### Instructions for the task
Only the images get left out; everything else in the records is to be transcribed exactly.
== Segment start ==
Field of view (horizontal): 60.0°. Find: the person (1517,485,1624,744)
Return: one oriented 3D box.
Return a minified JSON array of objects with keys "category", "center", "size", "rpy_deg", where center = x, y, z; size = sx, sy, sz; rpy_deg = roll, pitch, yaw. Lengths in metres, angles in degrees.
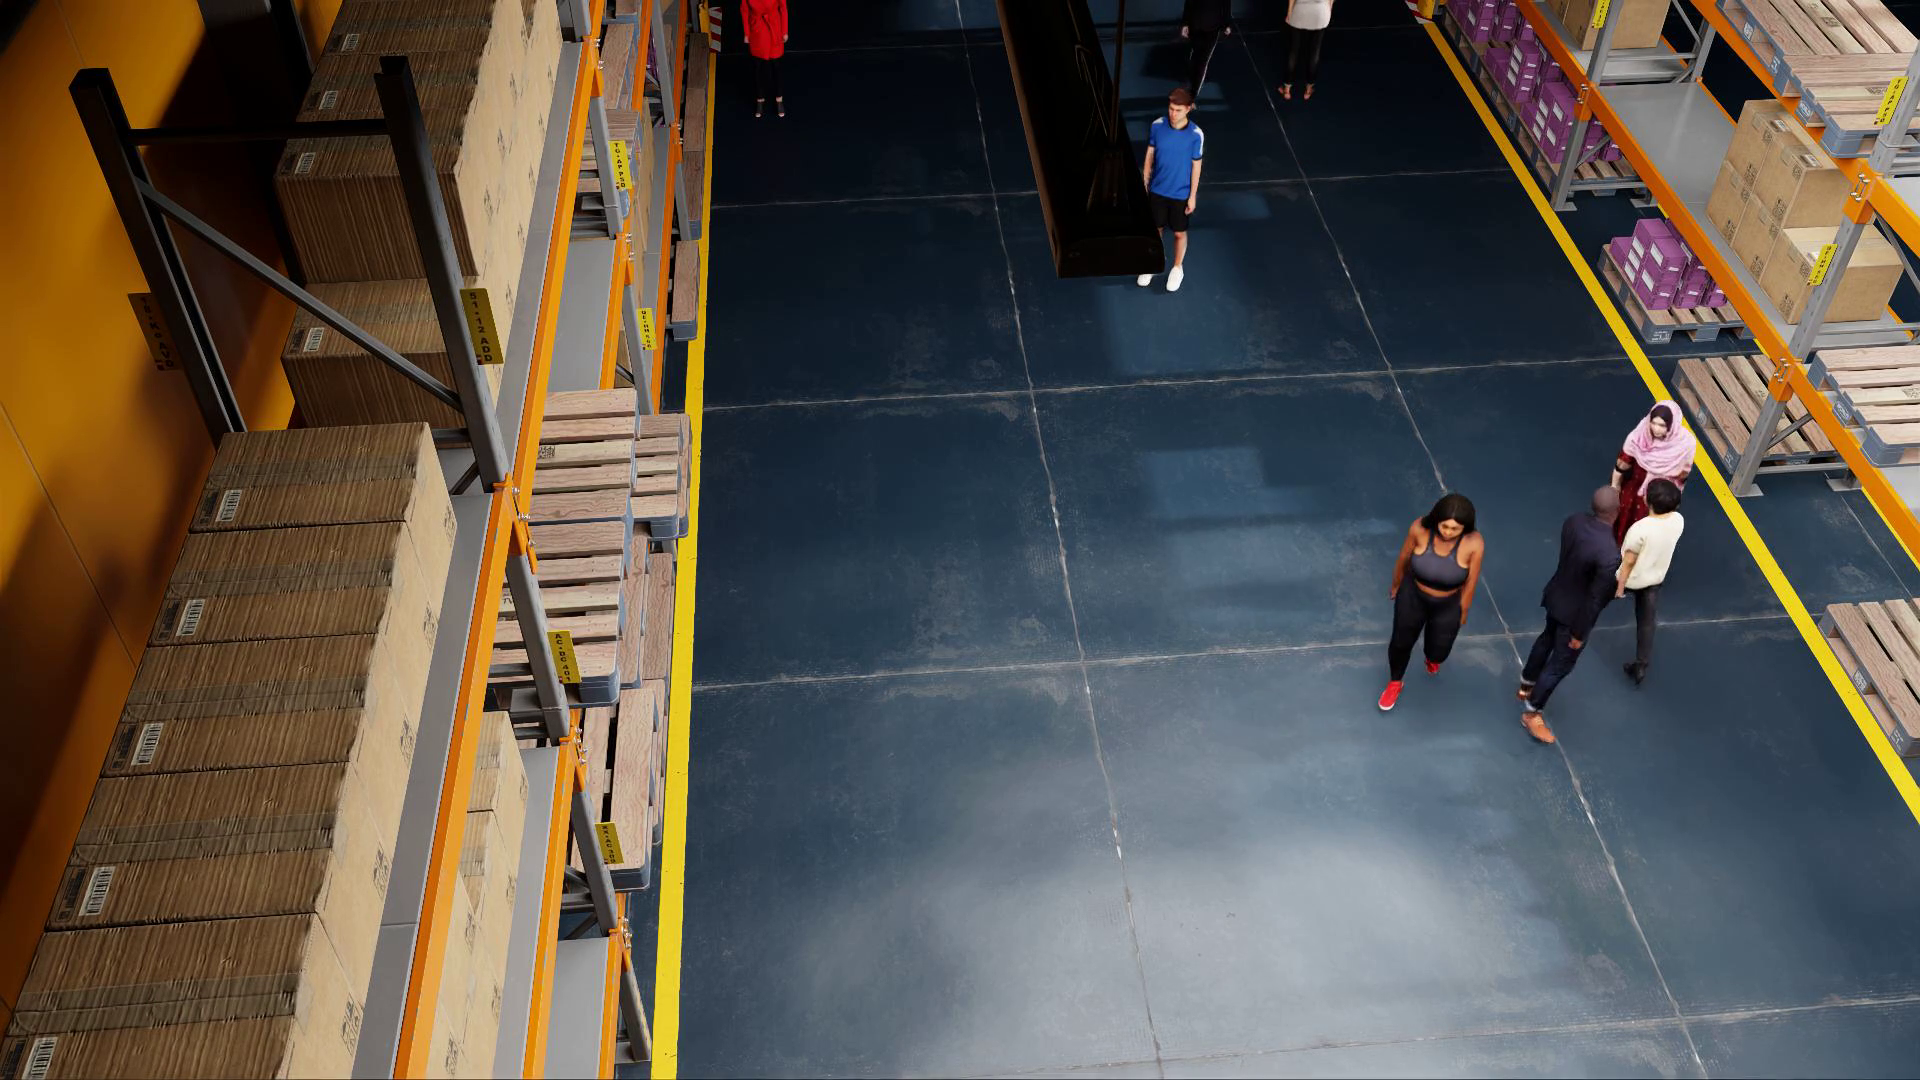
[{"category":"person","center":[3.836,0.468,10.521],"size":[0.935,1.793,0.523],"rpy_deg":[5,44,5]}]

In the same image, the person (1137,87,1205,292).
[{"category":"person","center":[1.823,-2.997,14.104],"size":[0.752,1.867,0.749],"rpy_deg":[15,46,15]}]

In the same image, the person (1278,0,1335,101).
[{"category":"person","center":[3.471,-5.211,16.457],"size":[0.638,1.827,0.565],"rpy_deg":[2,44,2]}]

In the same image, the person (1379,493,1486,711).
[{"category":"person","center":[3.047,0.327,10.663],"size":[0.901,1.801,0.997],"rpy_deg":[20,47,20]}]

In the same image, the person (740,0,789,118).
[{"category":"person","center":[-1.905,-4.967,16.256],"size":[0.629,1.751,0.626],"rpy_deg":[0,44,0]}]

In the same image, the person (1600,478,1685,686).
[{"category":"person","center":[4.484,0.300,10.887],"size":[0.712,1.530,1.064],"rpy_deg":[-10,45,-11]}]

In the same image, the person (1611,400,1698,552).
[{"category":"person","center":[4.782,-0.382,11.548],"size":[0.809,1.606,0.837],"rpy_deg":[14,45,15]}]

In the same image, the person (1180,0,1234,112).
[{"category":"person","center":[2.368,-4.964,16.304],"size":[0.867,1.681,0.974],"rpy_deg":[20,47,20]}]
== Segment end ==
### Solution below
Field of view (horizontal): 60.0°. Find: the person (1517,485,1624,744)
Return: one oriented 3D box.
Return a minified JSON array of objects with keys "category", "center", "size", "rpy_deg", where center = x, y, z; size = sx, sy, sz; rpy_deg = roll, pitch, yaw. Lengths in metres, angles in degrees.
[{"category":"person","center":[3.836,0.468,10.521],"size":[0.935,1.793,0.523],"rpy_deg":[5,44,5]}]

In the same image, the person (1137,87,1205,292).
[{"category":"person","center":[1.823,-2.997,14.104],"size":[0.752,1.867,0.749],"rpy_deg":[15,46,15]}]

In the same image, the person (1278,0,1335,101).
[{"category":"person","center":[3.471,-5.211,16.457],"size":[0.638,1.827,0.565],"rpy_deg":[2,44,2]}]

In the same image, the person (1379,493,1486,711).
[{"category":"person","center":[3.047,0.327,10.663],"size":[0.901,1.801,0.997],"rpy_deg":[20,47,20]}]

In the same image, the person (740,0,789,118).
[{"category":"person","center":[-1.905,-4.967,16.256],"size":[0.629,1.751,0.626],"rpy_deg":[0,44,0]}]

In the same image, the person (1600,478,1685,686).
[{"category":"person","center":[4.484,0.300,10.887],"size":[0.712,1.530,1.064],"rpy_deg":[-10,45,-11]}]

In the same image, the person (1611,400,1698,552).
[{"category":"person","center":[4.782,-0.382,11.548],"size":[0.809,1.606,0.837],"rpy_deg":[14,45,15]}]

In the same image, the person (1180,0,1234,112).
[{"category":"person","center":[2.368,-4.964,16.304],"size":[0.867,1.681,0.974],"rpy_deg":[20,47,20]}]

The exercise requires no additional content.